On Tue, Nov 01, 2005 at 08:42:38PM -0500, Art Alexion said:




Stephen Gran wrote:





On Tue, Nov 01, 2005 at 06:11:09PM -0500, Art Alexion said:





By default, my distro tries to run an ntp update script before it
initializes ppp.  The documentation on the distro web site shows you how
to disable the ntp init script, but I don't want to do that.  I want to
edit the startup so that it runs _after_ ppp is initialized.

I installed the webmin init module, but need to read about the runlevel
and 'start at' and 'stop at' settings before I make any changes. Google
hasn't helped me find documentation. Can anyone recommend a place?




The way it works, roughly (and totally solution dependant, but most
linux distros do it this way these days) is that the kernel boots, and
at some point hands thing off to init.  init runs all of the scripts
that start with S in the rcS.d directory, and then switches to the
'default' run level - what that default is is completely distribution
dependant, although I think Redhat-alikes all use 5.

Then init runs all scripts in rc5.d directory that begin with an S with
the start argument (and really, it should also run all scripts that begin
with a K with the stop argument, but many don't).  The only real things
to know about the hacked SysV init that most linux distros use is that

a) scripts whose names start with S should get run with the start
argument
b) scripts whose names start with K should get run with the stop
argument c) All scripts in a directory are run in numerical order
d) At boot, S is first, then default run level.

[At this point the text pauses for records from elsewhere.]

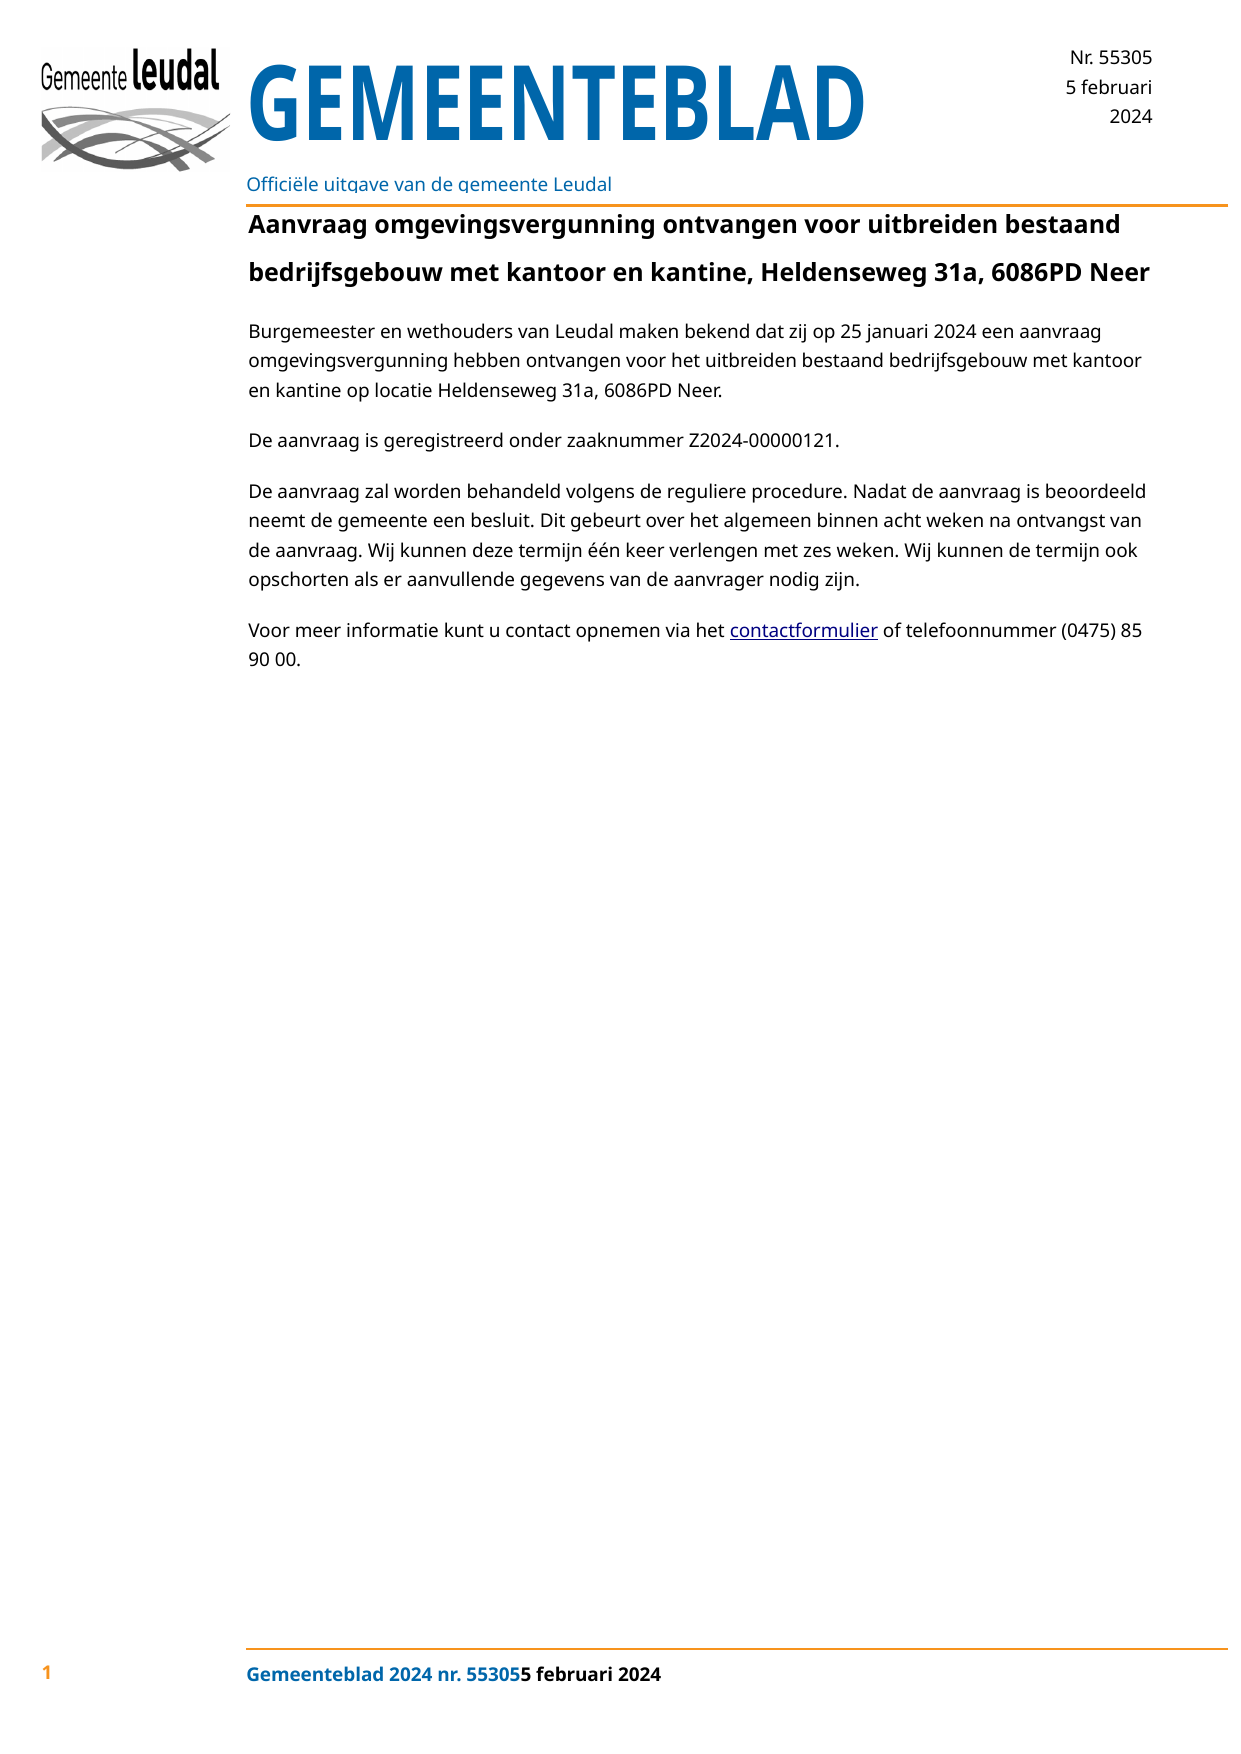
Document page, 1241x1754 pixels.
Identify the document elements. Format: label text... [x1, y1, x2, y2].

text Voor meer informatie kunt u contact opnemen via het contactformulier of telefoonnummer (0475) 85 90 00. [248, 617, 1152, 672]
text Aanvraag omgevingsvergunning ontvangen voor uitbreiden bestaand bedrijfsgebouw met kantoor en kantine, Heldenseweg 31a, 6086PD Neer [248, 207, 1152, 288]
text De aanvraag zal worden behandeld volgens de reguliere procedure. Nadat de aanvraag is beoordeeld neemt de gemeente een besluit. Dit gebeurt over het algemeen binnen acht weken na ontvangst van de aanvraag. Wij kunnen deze termijn één keer verlengen met zes weken. Wij kunnen de termijn ook opschorten als er aanvullende gegevens van de aanvrager nodig zijn. [248, 478, 1152, 592]
text Burgemeester en wethouders van Leudal maken bekend dat zij op 25 januari 2024 een aanvraag omgevingsvergunning hebben ontvangen voor het uitbreiden bestaand bedrijfsgebouw met kantoor en kantine op locatie Heldenseweg 31a, 6086PD Neer. [248, 318, 1152, 403]
picture [41, 47, 231, 172]
text De aanvraag is geregistreerd onder zaaknummer Z2024-00000121. [248, 427, 1152, 453]

That's the basics for managing it.





That is what is complicated.  The ntpdate script in in rcS.d and the ppp
script is in rc2d through rc5.d.  I fear putting ppp in rcS.d is a bit
too radical and may lead to unintended consequences.

BTW, I am running Kubuntu 5.04 (hoary) which is Debian based. The only
documentation it points to is chapter 9 of the Debian Policy Manual.




Ah, I see the problem.  You are using pppoe or something, and pppd
starts too late for ntpdate, so boot up takes forever.

So, the simple answer is mv /etc/rcS.d/S51ntpdate /etc/rc2.d/S51ntpdate




OK.  Worked.  First I did

cp /etc/rcS.d/S51ntpdate /etc/rcS.d/_S51ntpdate

then

mv /etc/rcS.d/S51ntpdate /etc/rc2.d/S51ntpdate

as I read that init will only execute scripts that start with S or K, and this would make it easier to restore the system if what I did caused problems.

After the changes I rebooted and it worked fine.  Thanks for all of your help.